# Mit appleskript und smile benutzeroberflächen erstellen?



## wayne? (11. Mai 2012)

Erstmal hallo, bin neu hier im Forum 

Habe vor einiger Zeit mit Appleskript, als Hobbyprogrammierer angefangen. Jetzt will ich eine App machen, die wirklich viele Funktionen hat. Das Problem: Die Benutzeroberfläche. Mit Xcode komme ich garnicht klar, deswegen habe ich nach einer kostenlosen Alternative geschaut. Ich habe in einem Forum von smile gelesen. Scheint relativ unbekannt zu sein, denn habe im Internet nix weiter zu gefunden. Mit Smile komme ich auch sehr gut klar, Smile ist sehr einfach zu bedienen. Jetzt bin ich aber auf ein Problem gestossen. Ich habe mehrere Fenster erstellt, die "Aufgehen" wenn ich den jeweiligen Button drücke. Diese öffne ich mit Tell application Finder open usw. den Code kennt glaube ich jeder. Doch jedesmal wenn ich ein neues Fenster öffne und das alte schliesse, sieht man das Fenster verschwinden und das nächste "aufploppen".
Natürlich will ich nicht, dass man das sieht. Es soll aussehen als ob es immernoch das selbe Fenster wäre. Was mache ich falsch? Oder müsste man das ganz anders machen? 

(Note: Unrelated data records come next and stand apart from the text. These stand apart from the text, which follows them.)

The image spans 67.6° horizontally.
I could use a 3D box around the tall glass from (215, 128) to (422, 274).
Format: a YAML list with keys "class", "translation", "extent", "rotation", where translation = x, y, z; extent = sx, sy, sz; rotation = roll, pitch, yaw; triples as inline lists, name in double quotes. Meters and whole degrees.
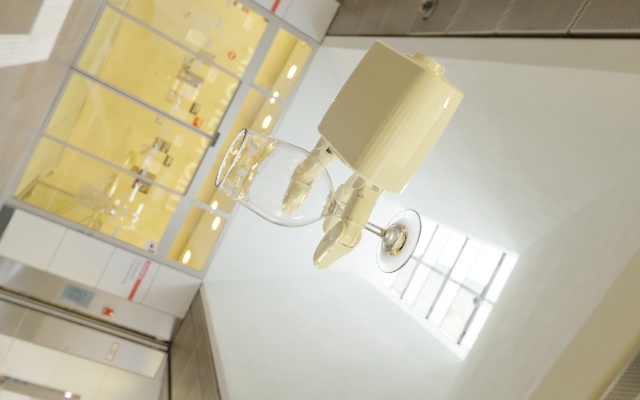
- class: "tall glass"
  translation: [0.001, 0.002, 0.474]
  extent: [0.201, 0.079, 0.079]
  rotation: [26, -10, -21]
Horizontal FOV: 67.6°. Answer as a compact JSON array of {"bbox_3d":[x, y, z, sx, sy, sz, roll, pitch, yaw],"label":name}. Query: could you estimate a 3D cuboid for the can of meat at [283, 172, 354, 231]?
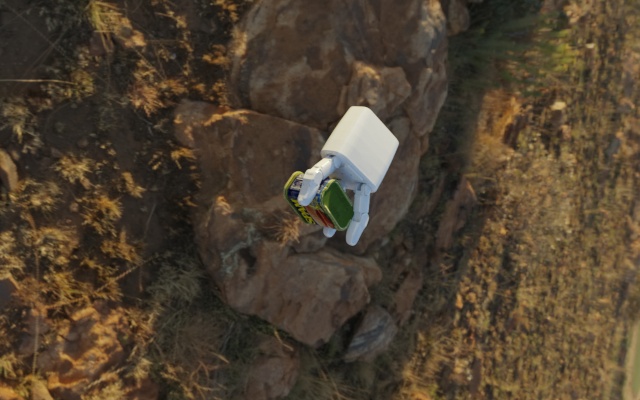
[{"bbox_3d":[0.000,0.003,0.807,0.084,0.057,0.102,11,-32,40],"label":"can of meat"}]
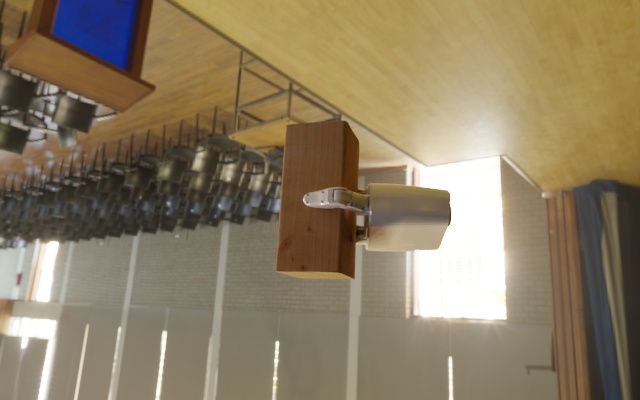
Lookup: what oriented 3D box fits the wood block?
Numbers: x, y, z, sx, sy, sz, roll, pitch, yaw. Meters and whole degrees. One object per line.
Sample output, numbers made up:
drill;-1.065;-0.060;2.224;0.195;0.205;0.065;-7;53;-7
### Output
wood block;0.000;0.002;0.672;0.090;0.206;0.091;-1;-15;17
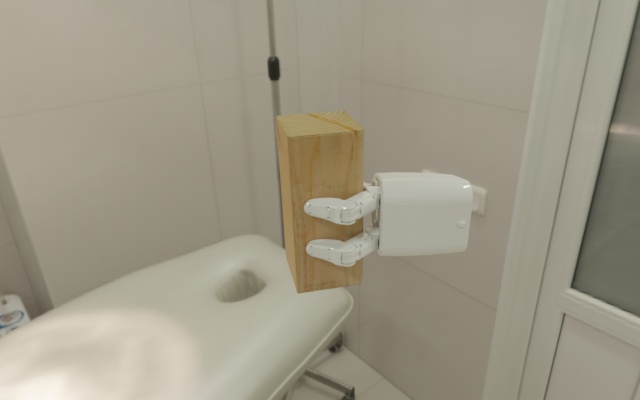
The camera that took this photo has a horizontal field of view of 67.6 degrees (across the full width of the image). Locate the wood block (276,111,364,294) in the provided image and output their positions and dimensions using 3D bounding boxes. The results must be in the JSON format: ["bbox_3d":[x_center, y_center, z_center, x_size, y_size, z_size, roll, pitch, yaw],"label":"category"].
[{"bbox_3d":[0.000,0.002,0.601,0.090,0.206,0.090,-7,26,-10],"label":"wood block"}]
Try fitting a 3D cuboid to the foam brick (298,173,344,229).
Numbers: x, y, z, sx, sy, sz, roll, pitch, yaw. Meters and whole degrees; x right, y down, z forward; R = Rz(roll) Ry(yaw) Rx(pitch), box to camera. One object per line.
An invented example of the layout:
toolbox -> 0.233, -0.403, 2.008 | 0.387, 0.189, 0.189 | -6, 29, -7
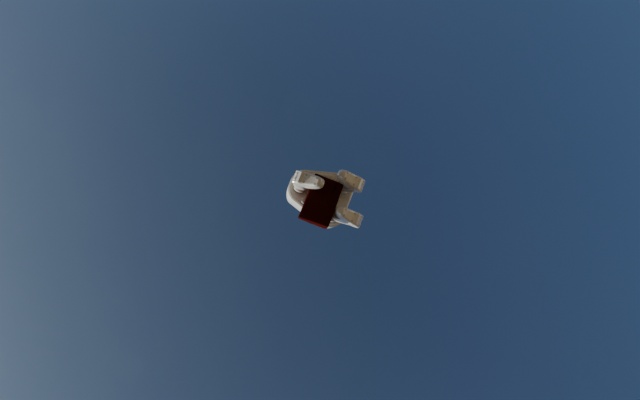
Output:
foam brick -> 0.000, 0.003, 0.795 | 0.053, 0.078, 0.051 | 22, -9, -2
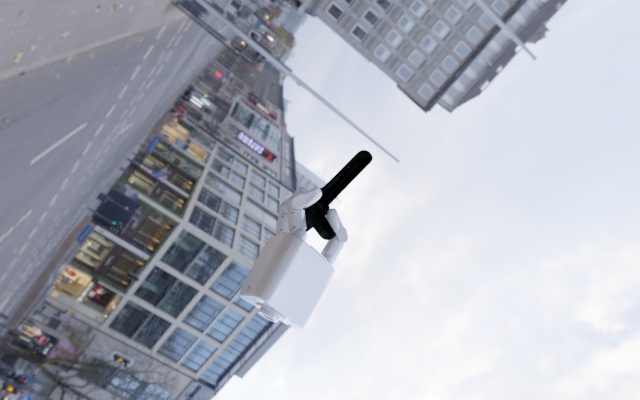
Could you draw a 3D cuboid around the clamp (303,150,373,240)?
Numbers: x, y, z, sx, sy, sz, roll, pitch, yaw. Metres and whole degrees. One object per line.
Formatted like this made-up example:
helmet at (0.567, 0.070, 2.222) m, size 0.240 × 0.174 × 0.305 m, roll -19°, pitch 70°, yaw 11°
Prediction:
clamp at (0.000, 0.003, 0.779) m, size 0.036 × 0.164 × 0.210 m, roll 39°, pitch -25°, yaw -16°
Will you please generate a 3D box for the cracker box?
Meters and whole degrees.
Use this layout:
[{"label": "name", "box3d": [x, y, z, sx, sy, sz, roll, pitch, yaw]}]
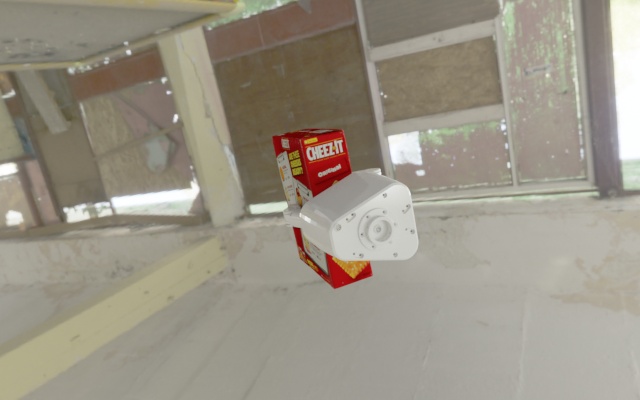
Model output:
[{"label": "cracker box", "box3d": [0.000, 0.003, 0.715, 0.072, 0.214, 0.164, -16, 13, -16]}]
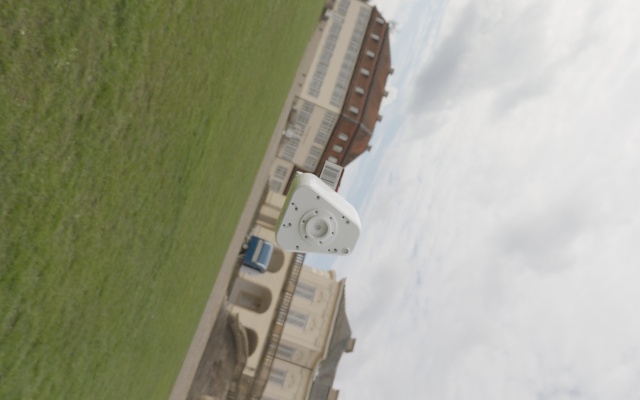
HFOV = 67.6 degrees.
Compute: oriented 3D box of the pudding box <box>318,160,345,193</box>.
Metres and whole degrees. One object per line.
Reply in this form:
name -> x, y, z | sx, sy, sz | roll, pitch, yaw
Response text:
pudding box -> 0.000, 0.003, 0.791 | 0.039, 0.113, 0.090 | 23, -19, -1

sorry wenn ich im falschen Forum bin, habe kein besseres gefunden :S


----------



## wayne? (12. Mai 2012)

An coolsten wäre es wenn mir jemand eine funktionierende smile anwendung mit verschiedenen menüs und untermenüs zur vorschau bereitstellen würde. muss nix besonderes können, halt nur um zu sehen wie die verschiedenen menüs wechseln. Klaue auch nix, will meine eigenen projekte vorantreiben 

habe auch noch 2 begrifliche fragen in smile:
-Wie kann man ein button einfärben/hervorheben? denn ich brauche einen grösseren button als nur den ok button, der bläulich gefärbt ist und da funktioniert es ja nichtmehr -.-

-und wie kann ich selbst in den editierbaren text schreiben? also z.b als rechnung, dass das ergebniss im editierbaren text angezeigt wird. Kriege ich einfach nicht hin :S

Suche einen Smile-Anwender, der mir helfen kann und kurz seine zeit opfert, denn zu smile findet man nichts im internet ...


----------